(Data entries)
- Opening Delimiter -

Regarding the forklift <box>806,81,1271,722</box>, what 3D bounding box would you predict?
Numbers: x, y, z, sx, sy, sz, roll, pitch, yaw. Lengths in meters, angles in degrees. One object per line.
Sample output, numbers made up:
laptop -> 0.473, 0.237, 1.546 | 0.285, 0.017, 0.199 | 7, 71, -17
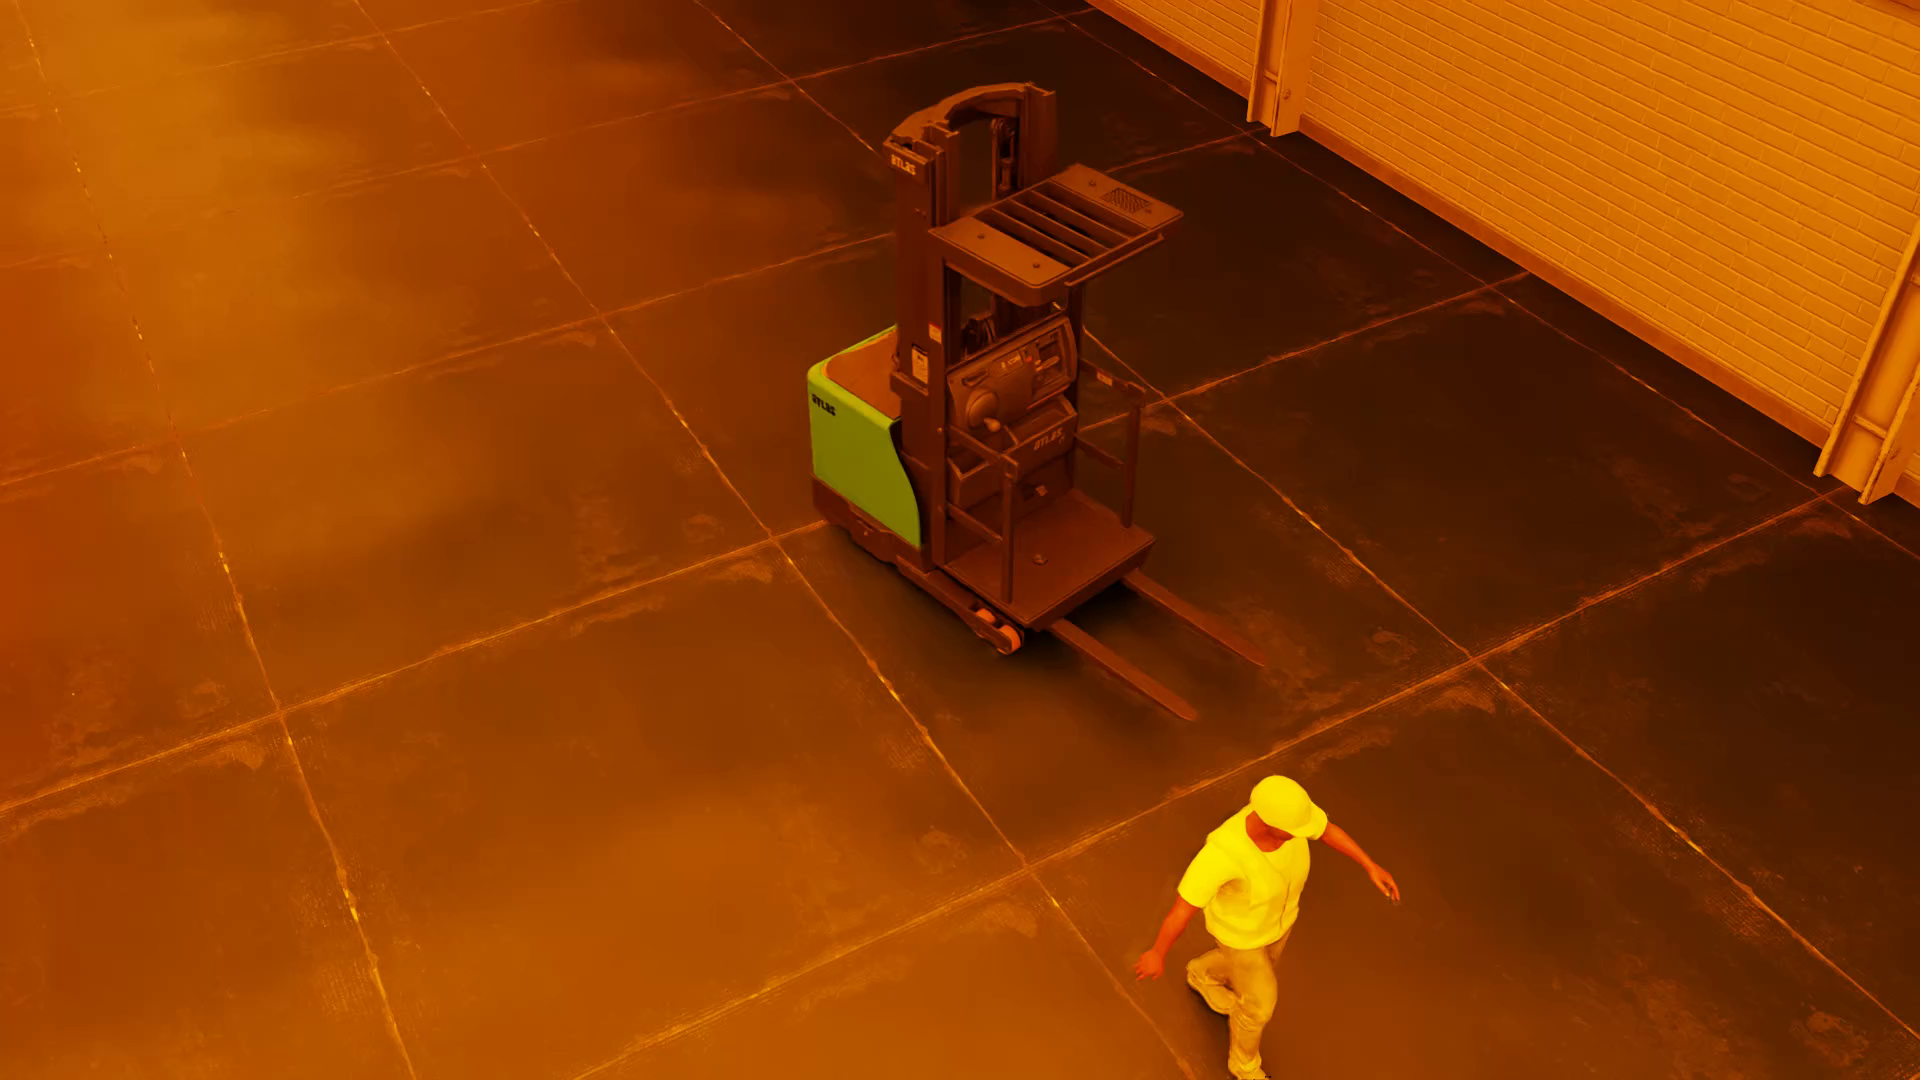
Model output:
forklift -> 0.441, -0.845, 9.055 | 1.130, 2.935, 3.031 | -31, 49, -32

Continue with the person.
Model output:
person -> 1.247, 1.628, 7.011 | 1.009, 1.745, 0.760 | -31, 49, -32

- Closing Delimiter -

What to produce: Transcribe the complete set of entries verbatim. No pictures belong in the copy.

Answer box:
Regarding the forklift <box>806,81,1271,722</box>, what 3D bounding box would you predict?
Numbers: x, y, z, sx, sy, sz, roll, pitch, yaw. Lengths in meters, angles in degrees. One object per line.
Sample output, numbers made up:
laptop -> 0.473, 0.237, 1.546 | 0.285, 0.017, 0.199 | 7, 71, -17
Model output:
forklift -> 0.441, -0.845, 9.055 | 1.130, 2.935, 3.031 | -31, 49, -32

Continue with the person.
Model output:
person -> 1.247, 1.628, 7.011 | 1.009, 1.745, 0.760 | -31, 49, -32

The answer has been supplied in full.